Sen. Tim Scott Responds To John Kelly: 'No Compromise To Make' On Civil War

WASHINGTON ― Sen. Tim Scott (R-S.C.) seemingly chided White House chief of staff John Kelly on Tuesday after the former Marine Corps general claimed that the Civil War was caused by the inability to compromise.

WASHINGTON ― Sen. Tim Scott (R-S.C.) seemingly chided White House chief of staff John Kelly on Tuesday after the former Marine Corps general claimed that the Civil War was caused by the inability to compromise.

“We need to stop relitigating and referencing the Civil War as if there was some moral conundrum,” Scott, the sole black Senate Republican, said in a statement. “There was no compromise to make – only a choice between continuing slavery and ending it. We need to move forward together, instead of letting the divisions of the past continue to force us apart.”

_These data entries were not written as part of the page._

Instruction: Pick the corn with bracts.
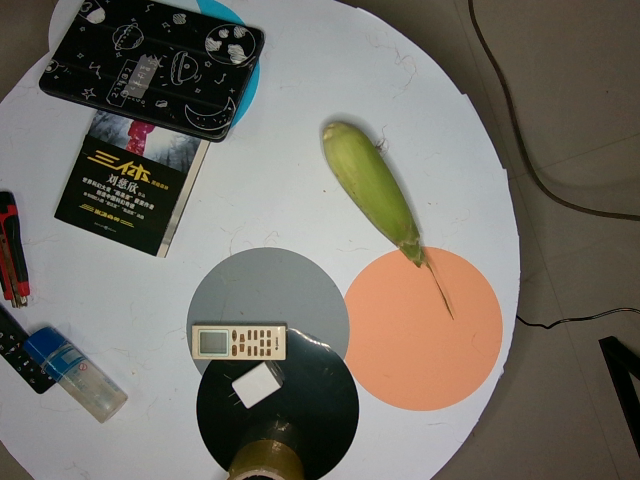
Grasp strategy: vertical
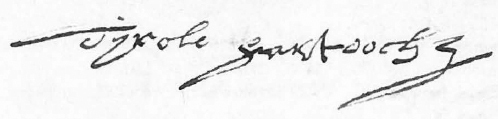
Signature of: dirk hartog
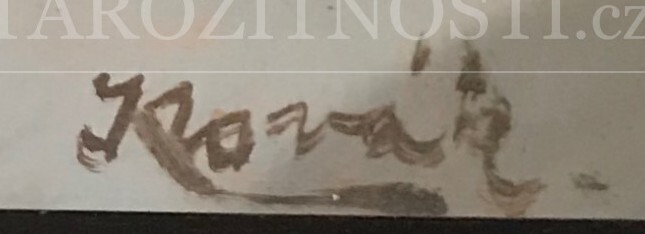
Signature of: stanislav kovář
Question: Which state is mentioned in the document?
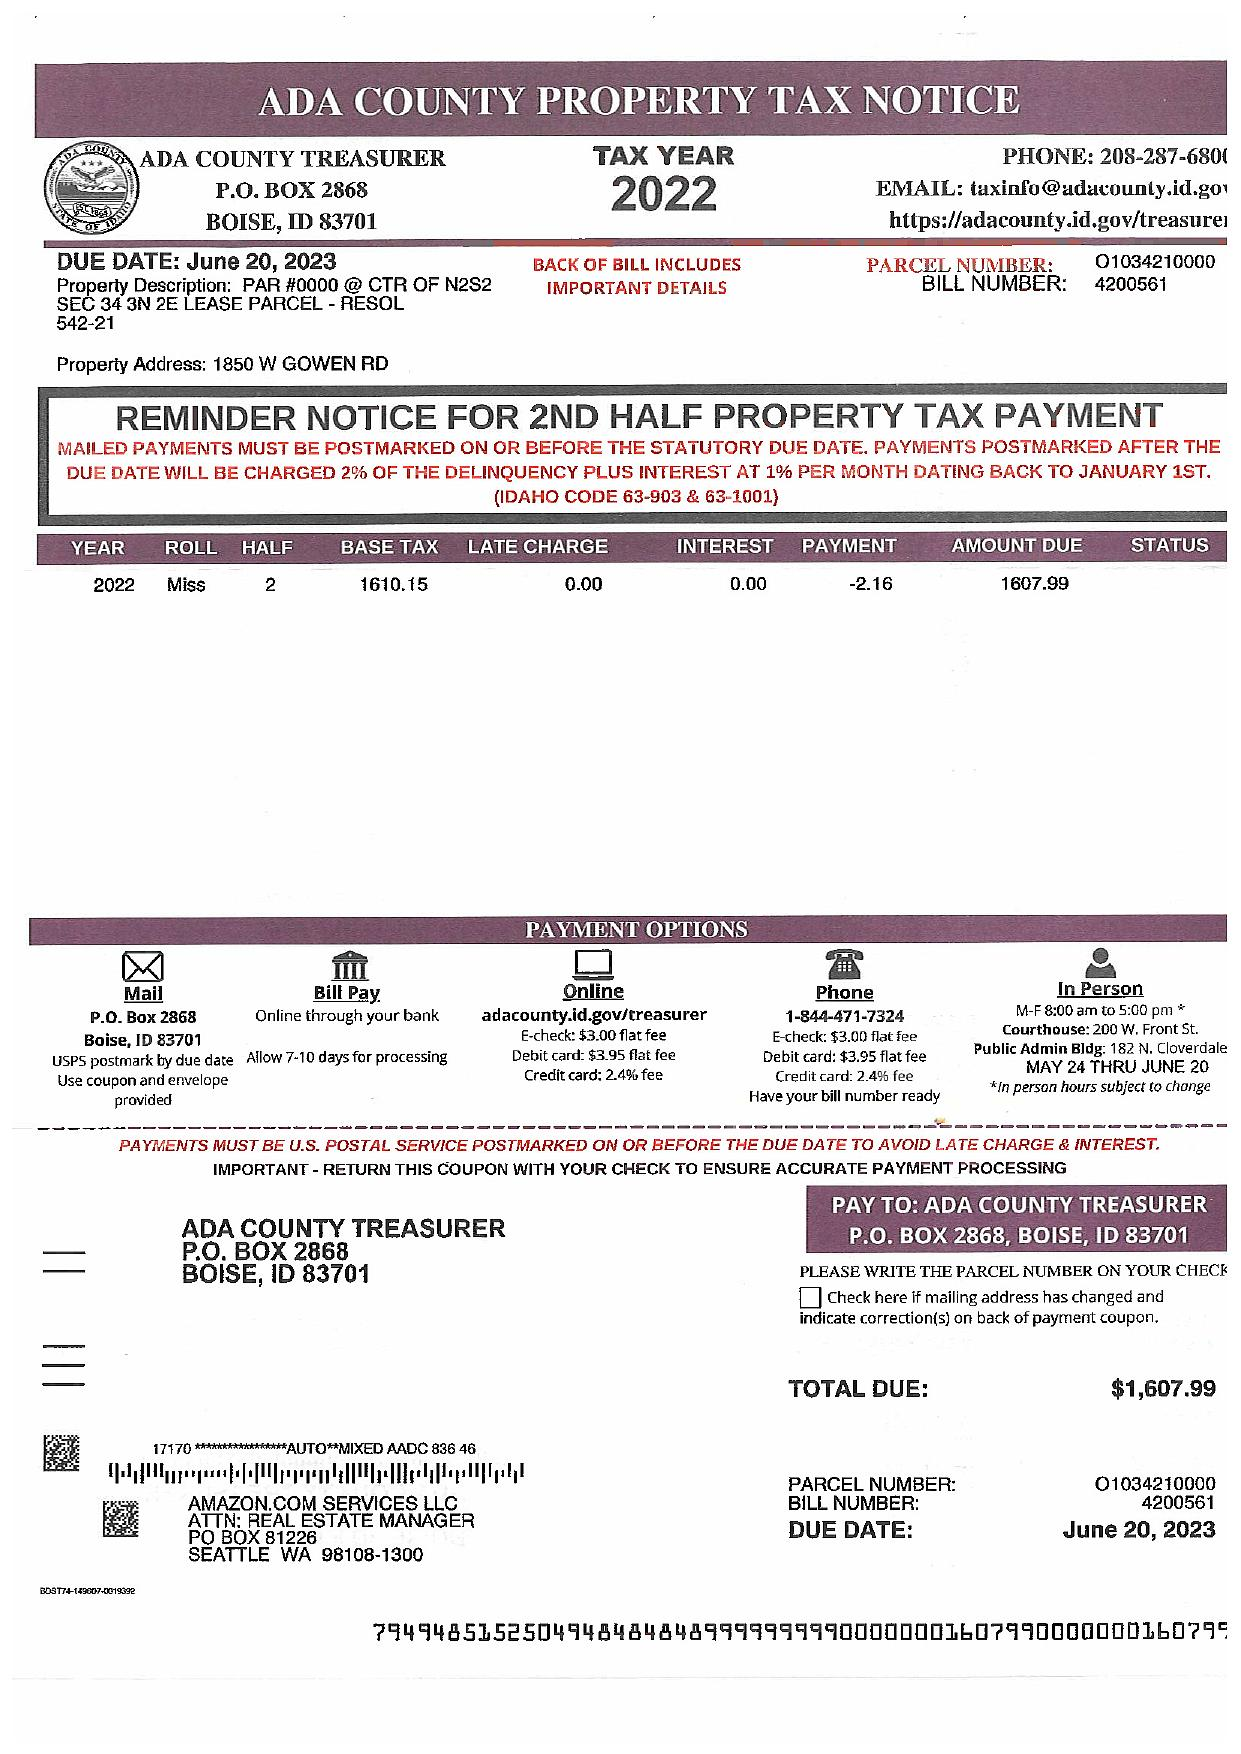
Answer: "ID"
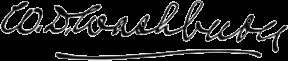
Signature of: william d washburn
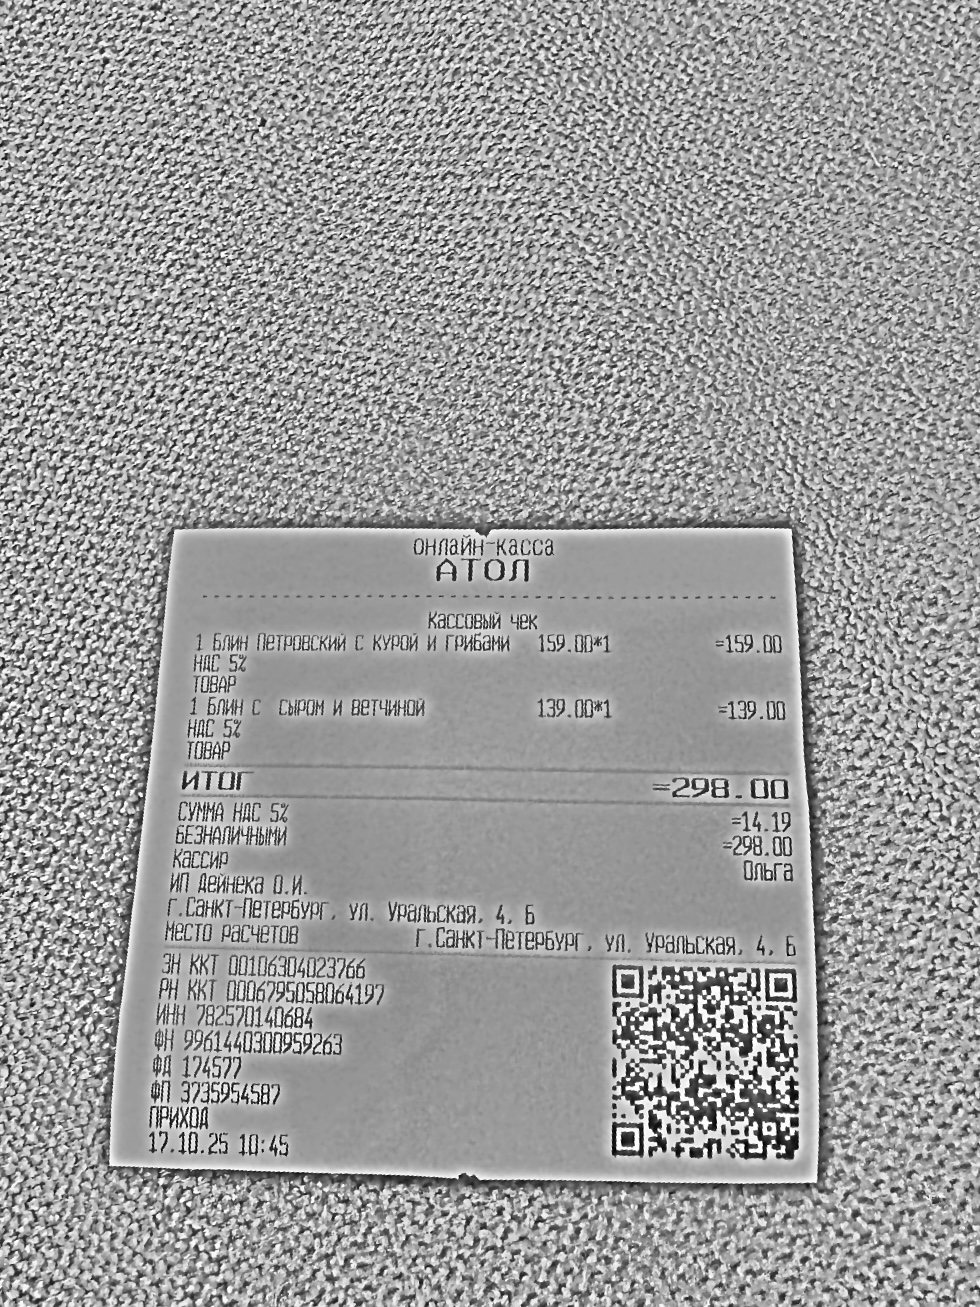
Продавец: ИП Дейнека О.И.
ИНН: 782570140684
Дата: 17.10.25
Товары: 1 Блин Петровский с курой и грибами; 1 Блин с сыром и ветчиной
Количество: 1; 1
Цена: 159.00; 139.00
Сумма: 159.00; 139.00
Итого: 298.00
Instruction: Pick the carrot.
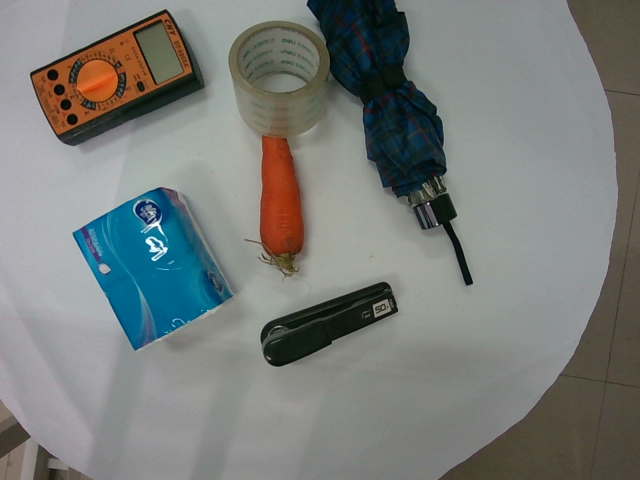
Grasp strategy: vertical
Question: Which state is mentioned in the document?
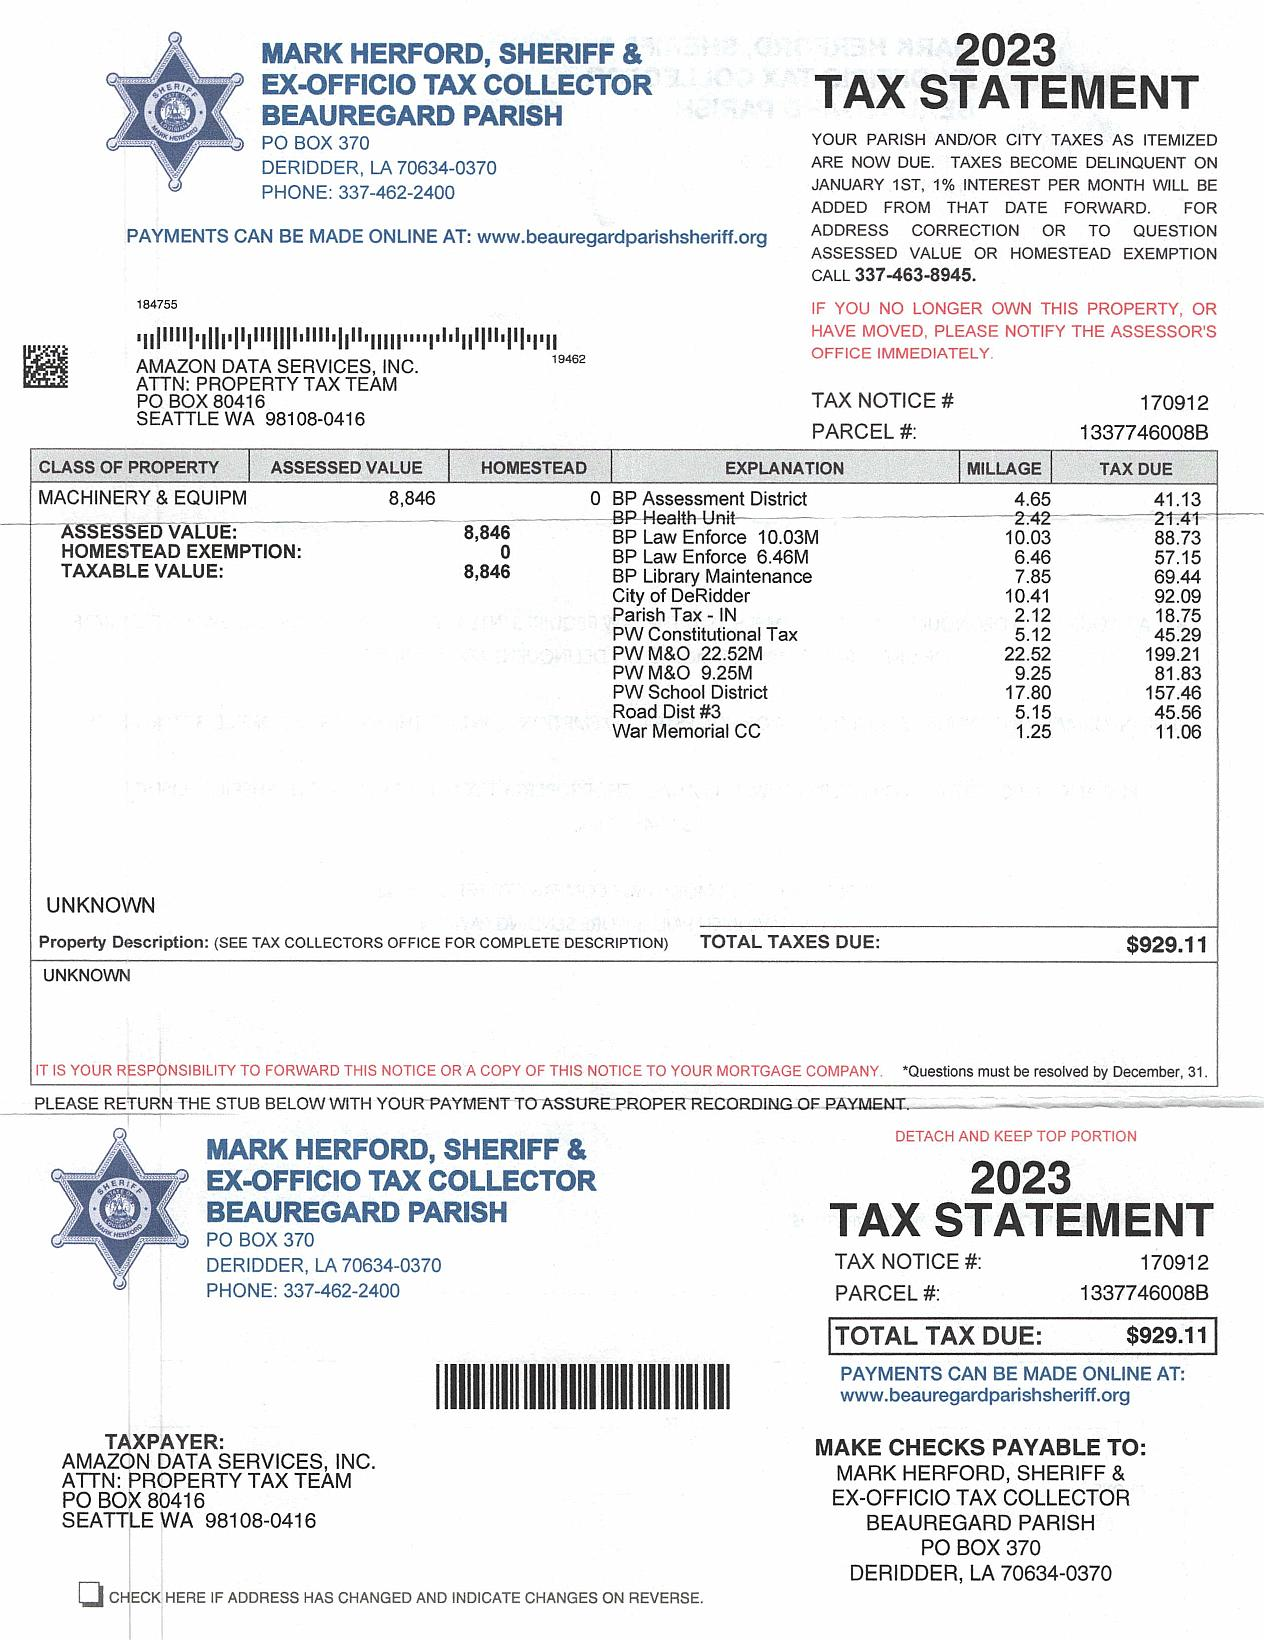
Answer: "LA"
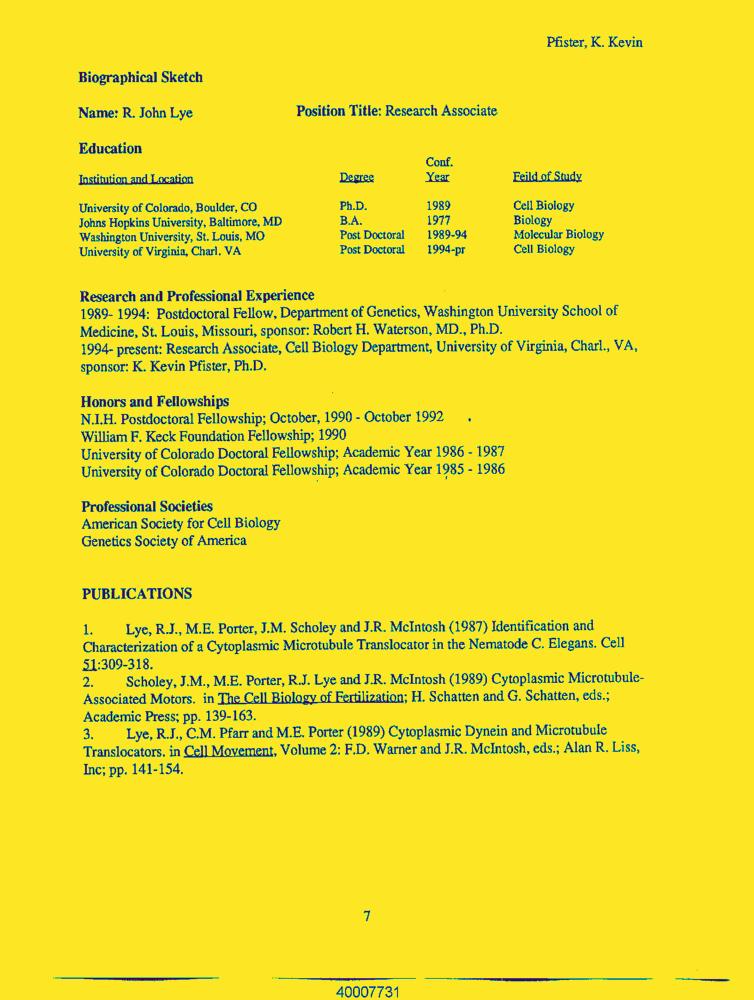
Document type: Resume-Doc
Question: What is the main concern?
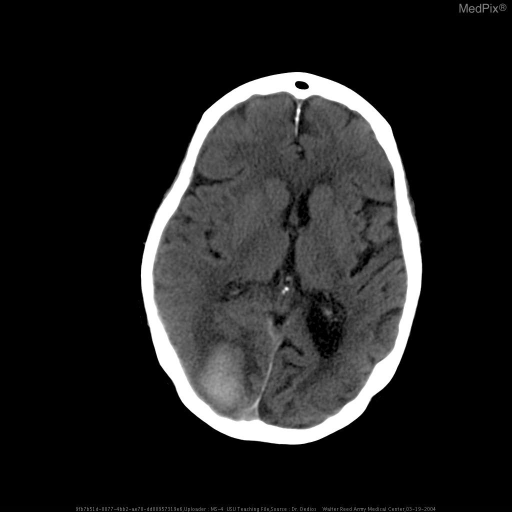
Answer: The findings suggest Parenchymal hematoma, right occipital lobe
Small amount of ventricular blood. A single, large intraparenchymal hemorrhage is present within the right occipital lobe measuring 3x2cm with adjacent edema.  There is mild mass effect.  Blood is also seen within the posterior horn of the right lateral ventricle.  A small amount of blood is seen within the posterior falx.  The right lateral ventricle is smaller than the left side.  The sulci, on the right posterior region, is effaced.  The left side appears grossly unremarkable.  Minimal opacification of the right sphenioid sinus is present.  Mastoids appear well aerated.  The rest of the findings appear unremarkable.. The patient might have a history of 89 y/o with past medical history significant for dementia and hypertension, noted to have altered mental status at home..
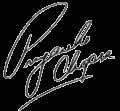
Signature of: priyanka chopra
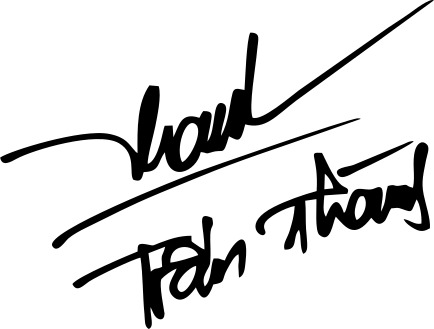
Signature of: trấn thành
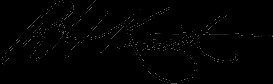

Kelly on Monday said a “lack of ability to compromise led to the Civil War” and called the removal of Confederate monuments a “dangerous” scrubbing of history. The senior Donald Trump aide made the comments during an interview with Fox News’ Laura Ingraham, who asked his thoughts about the removal of two plaques honoring President George Washington and Gen. Robert E. Lee at a church in Alexandria, Virginia.

“I would tell you that Robert E. Lee was an honorable man,” Kelly said during the interview.

“He was a man that gave up his country to fight for his state, which, 150 years ago, was more important than country,” he added. “It was always loyalty to state first back in those days. Now it’s different today. But the lack of an ability to compromise led to the Civil War. And men and women of good faith on both sides made their stand where their conscience had to make their stand.”

A number of U.S. historians have criticized Kelly’s comments about the Civil War, calling them “strange,” “sad,” and “wrong.” Stephanie McCurry, a history professor at Columbia University, told The Washington Post that Kelly’s comments echoed talking points of a “pro-Confederate view of the Civil War.”

White House press secretary Sarah Huckabee Sanders, however, defended her boss on Tuesday, accusing reporters of creating a false narrative.

“Because you don’t like history doesn’t mean that you can erase it and pretend that it didn’t happen,” Sanders said during a daily press briefing. “I think that’s the point that Gen. Kelly was trying to make.”

“All of our leaders have flaws,” Sanders added, citing George Washington, Thomas Jefferson, Franklin Roosevelt, and John F. Kennedy. “That doesn’t diminish their contributions to our country.”

Scott has been particularly vocal about the issue of racism in America. After white supremacists rallies in Charlottesville, Virginia, over the summer, Scott met with President Donald Trump in the Oval Office to discuss the president’s controversial response in which he said there was “blame on both sides.”